What’s the ultimate cross-breed camera of 2014? If we take all the strong points of the manufacturers and put them in one camera, what do we get?
- Full frame sensor from the Sony A7S
- 4K internal codec from the Panasonic GH4
- Big EVF from Fuji and their lovely X-T1
- 5 axis in-body stabilisation from Olympus (working for video with any lens)
- Cine lenses by Sigma – their 35mm F1.4 and 50mm F1.4 are that good
- Bundled grading / editing software from Blackmagic – Resolve 11
- Ergonomic styling by Fuji
I’m very sorry but I couldn’t think of a single class leading technology that Canon and Nikon have brought to the market in the last few years to complete my dream camera!
The camera I describe above merely takes existing parts from existing cameras, all of them below $2500 and mixes them together.
Let’s have a quick run through the details…
Sony are doing a great job of sensors at the moment. They’re providing for Apple and Nikon, so have the popular photography market covered. Now I love full frame and low light performance so the A7S sensor is my choice to deliver the image I want. It is just a shame Sony backed it into an 8bit imaging pipeline and no internal 4K codec.
So that part has to come from Panasonic. The codec technology in the GH4 is nothing short of mind-blowing. We all know from post that a 4K image requires serious power to edit, playback and process. Panasonic’s hardware in the GH4 runs off a tiny battery for 7 hours solid, the camera body barely gets warm, while debayering a 12bit 4K raw sensor readout and applying spatial noise reduction, sharpening, custom picture profile curves and H.264 encoding in the process – it is just staggering.
I picked up a Fuji X-T1 the other day and held it to my eye alongside the Panasonic GH4. I wish the GH4’s EVF was that large. The GH4 has a great EVF for sure but the Fuji one just takes things to a new level.
A few months ago I shot a music video on the Olympus E-M1 purely to use the stabiliser and shoot without any rig. Pure handheld stuff, not even a z-finder. The 5 axis IBIS system is actually more useful for video than it is for stills, because for video you always need some kind of steady shooting apparatus. For photography I could shoot at 1/2 with the E-M1 handheld and an ND filter, to get flow-motion shots on the street in daylight with no tripod. Pin sharp. Unbelievable.

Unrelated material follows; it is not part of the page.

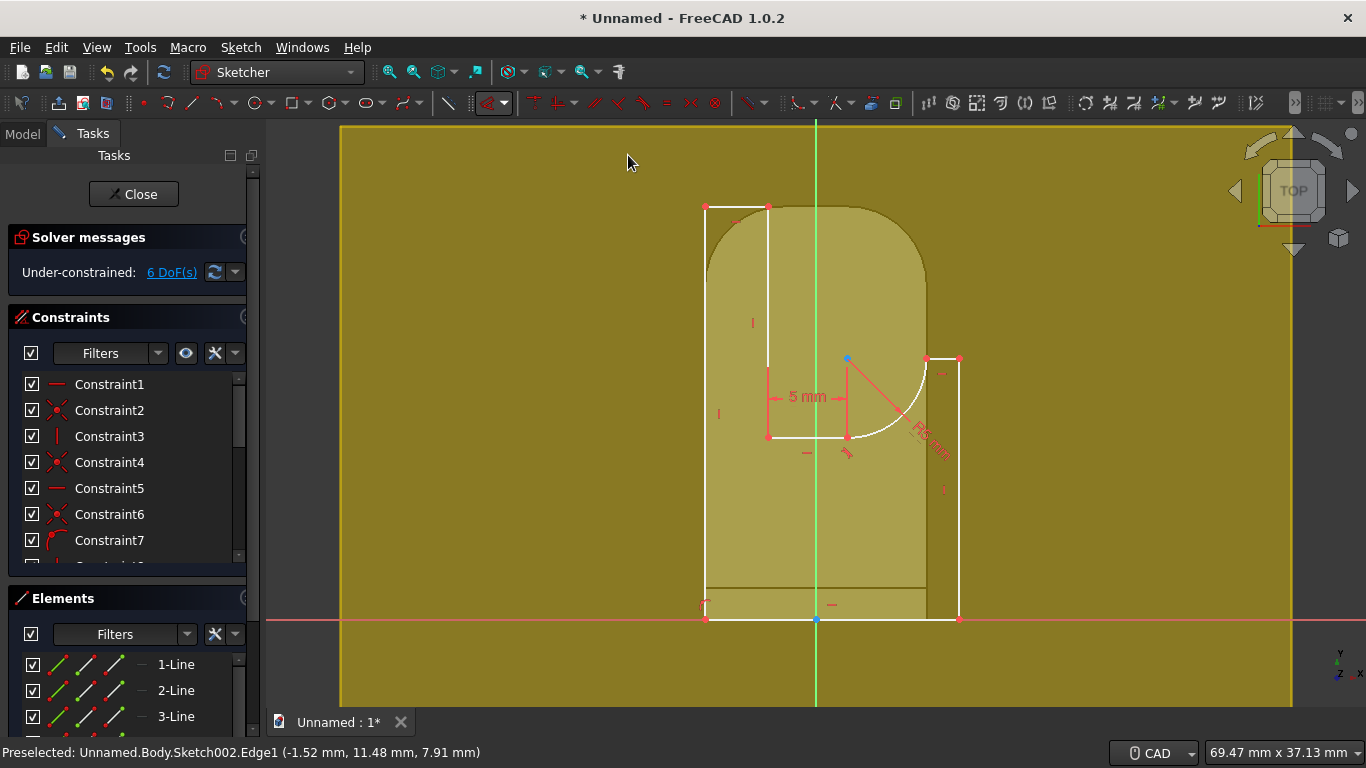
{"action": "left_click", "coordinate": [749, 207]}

So that is the core of the camera sorted out – now we need the add-ons. Lenses are of course by far the most important ‘camera accessory’ you will ever buy. Here leading the way in 2014 is not Leica or Zeiss but Sigma. Their 18-35mm F1.8, 35mm F1.4 and 50mm F1.4 in the ART series outperforms just about everything else, at almost any price level. I can’t quite work out how Sigma have managed to leapfrog Zeiss on performance while keeping prices below the $1000 mark in typical Sigma style… But they have.

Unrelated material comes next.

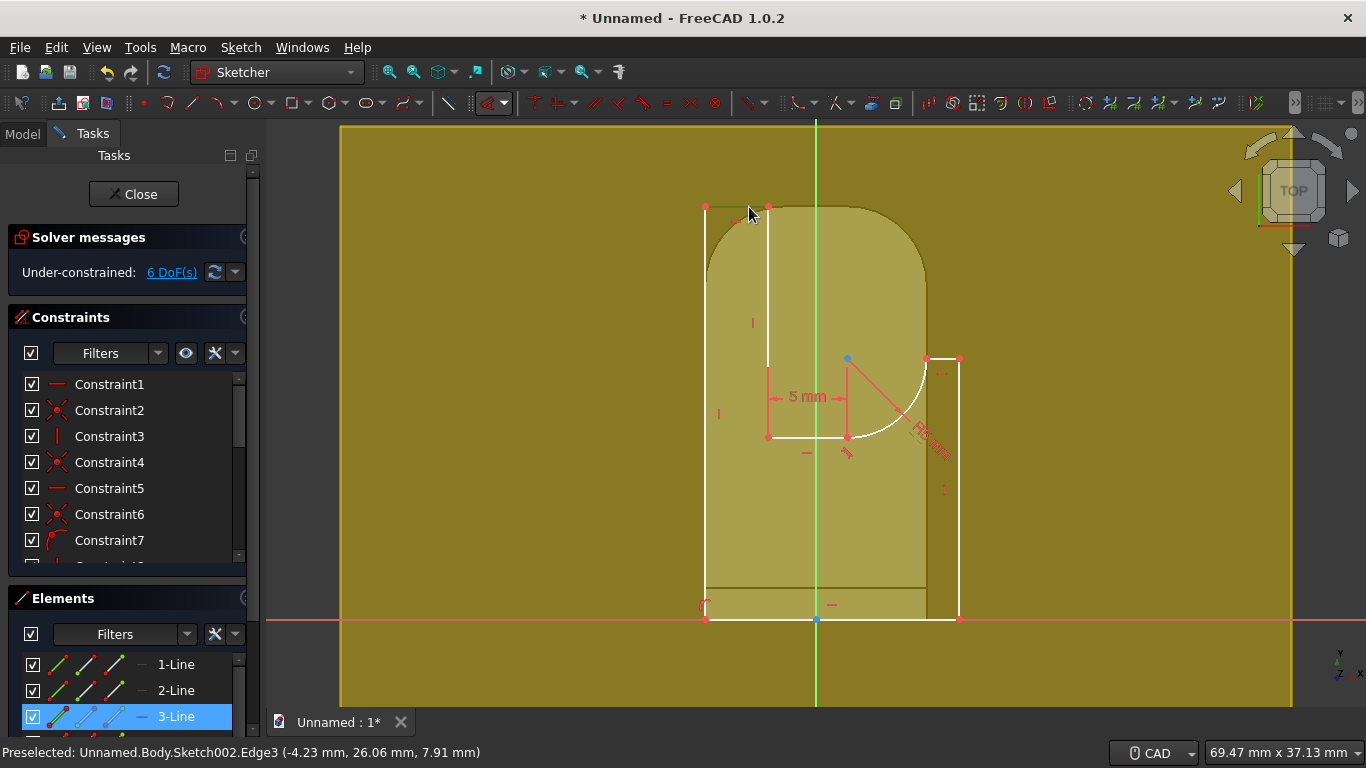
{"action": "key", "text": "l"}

For post production on that lovely full frame 4K image, Blackmagic’s Resolve 11 looks extremely promising, with extensive editing features this time round. The cameras may be sadly very flawed but Blackmagic are absolutely on song when it comes to the other areas of their business.
Then in terms of outright style – I think the best looking camera of the moment has to be the Fuji X-T1. It has a simplicity and elegance to it that the Nikon Df lacks. It has a more classical feel to the photography ergonomics than the futuristic GH4. The Olympus E-M1 comes very close but the menus and buttons are a bit too fussy on that camera. The Sony A7 series is not in the same league for ergonomics as either, unfortunately.
So what happened to Canon’s technology?
Back in 2009 they had the best APS-C sensor (7D) and the best full frame sensor (5D Mark II).
They had a high bitrate internal codec for the time at around 44Mbit/s where Panasonic could barely get past the 17Mbit/s mark.
EVFs were a mile off optical viewfinders at the time. No competition.
The Canon L lenses, still superb, were unchallenged by cheaper alternatives. That isn’t the case today.
Canon were quietly going about introducing ultrasonic image stabilisation on some of their new L lenses… in-body stabilisation to match this was unheard of at this time.
You have to conclude Canon are losing the innovation race to the others, on every single photographic and video front. It’s very worrying. Even the Canon C300 and 1D C – technology Canon sells for way past the $10,000 mark – looks significantly dated in terms of the technology compared to what Sony and Panasonic now offer for less than 1 third of the price. MJPEG codec on the 1D C, a lack of video features and only 8bit 1080p from the C300 while the GH4 is doing 10bit 4K over the HDMI port for $1700!
I’m not saying that Canon’s stuff isn’t as wonderful now as it was when it was released…
What I am saying is that they desperately need to up their game on the innovation front.
The current situation is a shame. What a tragedy for customers that manufacturers cannot better pool their technology and put everything that’s good into one high end camera!